Blazer o maglioncino con lo stemma, camicia o polo, pantaloni chino o gonna a pieghe – scozzese o tinta unita – e calzettoni al ginocchio. È arrivato settembre. È tempo di scuola, è tempo di uniformi.
Amore e odio: l’uniforme suscita da sempre questi due sentimenti. L’uniforme crea uguaglianza. L’uniforme non fa perdere tempo al mattino – ti evita grattacapi, non devi pensare ogni giorno a cosa mettere e puoi restare tra le braccia di Morfeo “ancora cinque minuti” –, ma lascia poco spazio all’espressione di sé e, diciamocela tutta, indossare la stessa cosa ogni giorno può diventare piuttosto noioso.
Chi sono stati i primi a indossare l’uniforme a scuola?
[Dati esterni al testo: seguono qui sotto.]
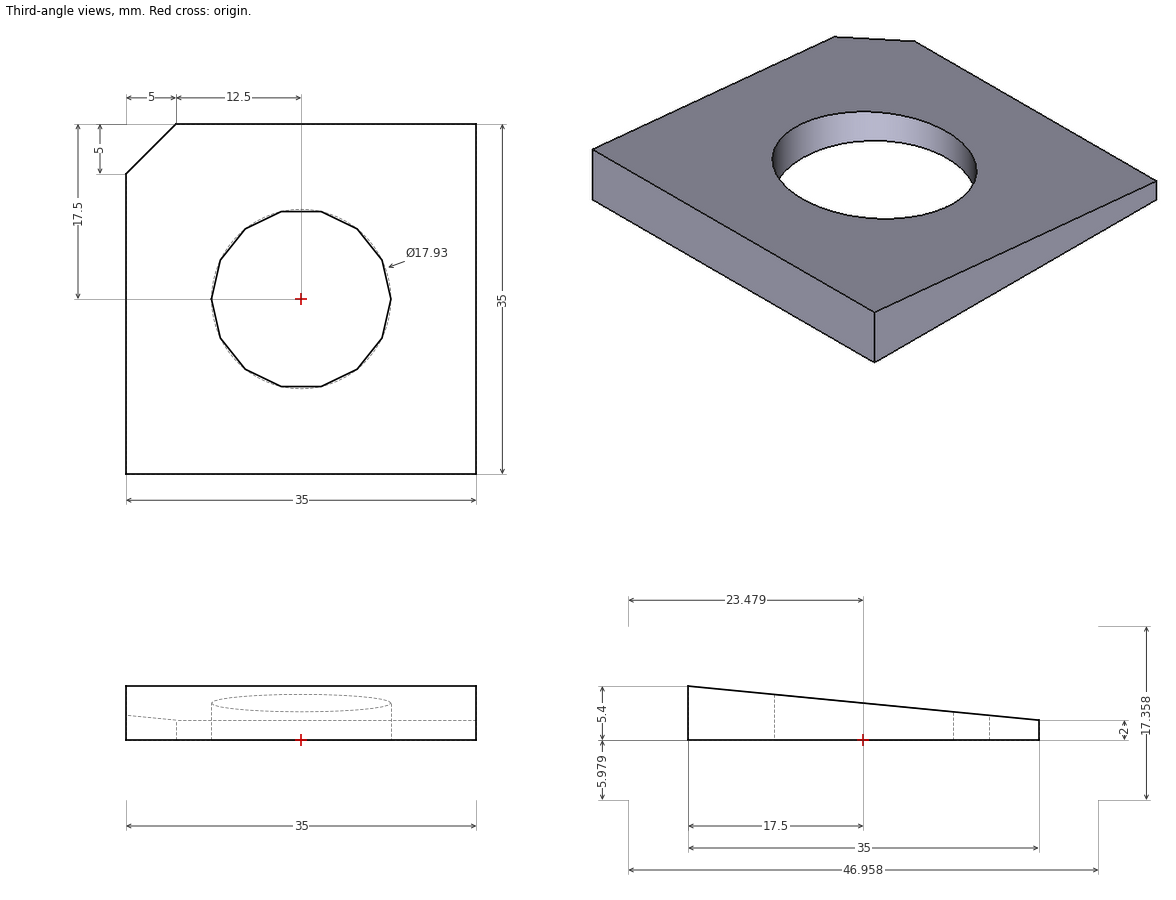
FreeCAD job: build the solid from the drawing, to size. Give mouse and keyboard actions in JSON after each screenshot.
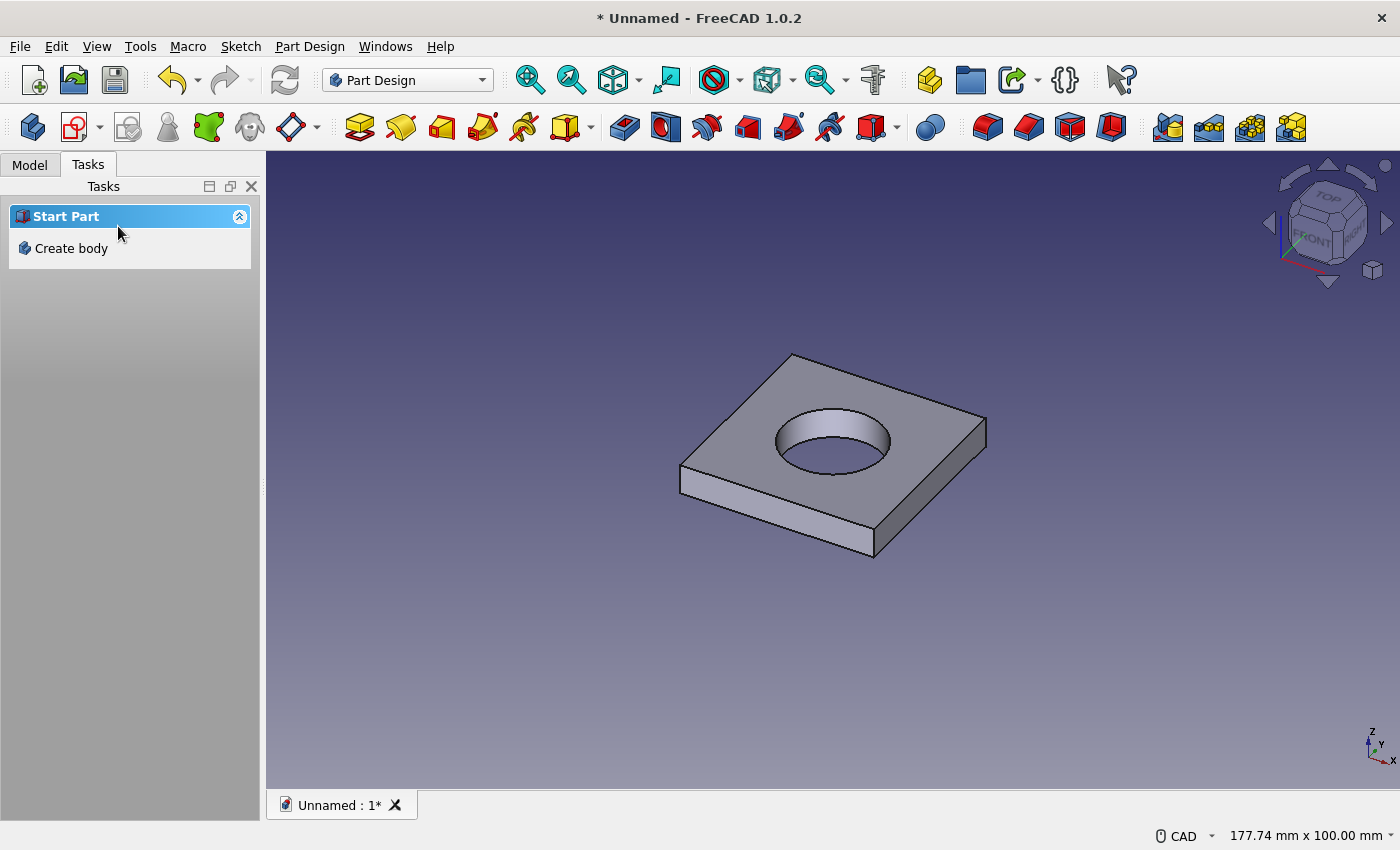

Non esiste una storia scritta vera e propria sull’origine delle uniformi scolastiche. Il primo documento sull’uso istituzionalizzato di un “abito accademico” risale al 1222, anno in cui Stephen Langton, arcivescovo di Canterbury, ordinò al Concilio di Oxford che i suoi allievi indossassero la cappa clausa, un abito simile a una tunica che divenne il principale elemento dell’abbigliamento accademico nelle università di Oxford, Parigi e Bologna.
La diffusione su larga scala dell’uniforme scolastica sembra invece risalga al regno di Enrico VIII: gli studenti della London Christ Hospital School, scuola di carità del Sussex che si preoccupava dell’istruzione di bambini poveri e orfani, indossavano divise non molto diverse da quelle che vediamo in altre scuole oggi. Cappotto o giacca blu – colore tra i più economici a disposizione all’epoca – e calze gialle – tonalità creata usando cipolle e zafferano e che si supponeva tenesse lontani pulci, ratti, topi e persino la peste – al ginocchio. Un outfit scolastico che, pur non essendo in linea con gli standard estetici della moda attuale, non è cambiato molto nel corso degli anni.
Il dato curioso è che le uniformi scolastiche, oggi spesso associate a un’educazione di élite, erano inizialmente destinate ai bambini più poveri. Poi, con l’avvento dell’industrializzazione le scuole di carità vennero prese a modello anche per altre strutture educative, che adottarono le uniformi per dare un tono di maggiore serietà e disciplina.
Nel XIX secolo l’uniforme scolastica divenne un elemento di distinzione per le scuole di prestigio – la più famosa è quella dell’Eton College costituita da marsina e panciotto nero, pantaloni gessati, cilindro d’inverno e paglietta d’estate – e l’uso dell’uniforme iniziò a diffondersi nelle colonie britanniche e in altri Paesi.
L’uniforme scolastica e la cultura pop
Nonostante ciò, l’uniforme scolastica, introdotta per infondere prestigio e ordine sociale, lentamente si è trasformata in un simbolo, è uscita dalle aule ed è diventata una tendenza – in equilibrio tra sperimentazione sartoriale e ispirazione per uno stile ribelle – e ha dato vita ad alcuni momenti memorabili della cultura pop.
Come dimenticare l’iconico tailleur in tartan giallo e nero di Cher Horowitz, personaggio interpretato da Alicia Silverston in Ragazze a Beverly Hills (Clueless), l’audace l’outfit di Britney Spears nel video di Baby One More Time, o l’inquietante divisa di Go Go Yubari, interpretata da Chiaki Kuriyama in Kill Bill: Volume 1?
Grazie a cultura pop, film e telefilm – l’estetica di Gossip Girl fa ancora oggi tendenza – l’uniforme scolastica, un capo apparentemente semplice e noioso, creato e imposto per infondere l’ordine sociale, è salito sulle passerelle dell’alta moda, ha abbandonato l’estetica funzionale e ha rinnegato l’appiattimento estetico per dare libero sfogo alla creatività e diventare una delle tendenze di moda tra le più amate.
Forse l’uniforme non è, in fin dei conti, così noiosa.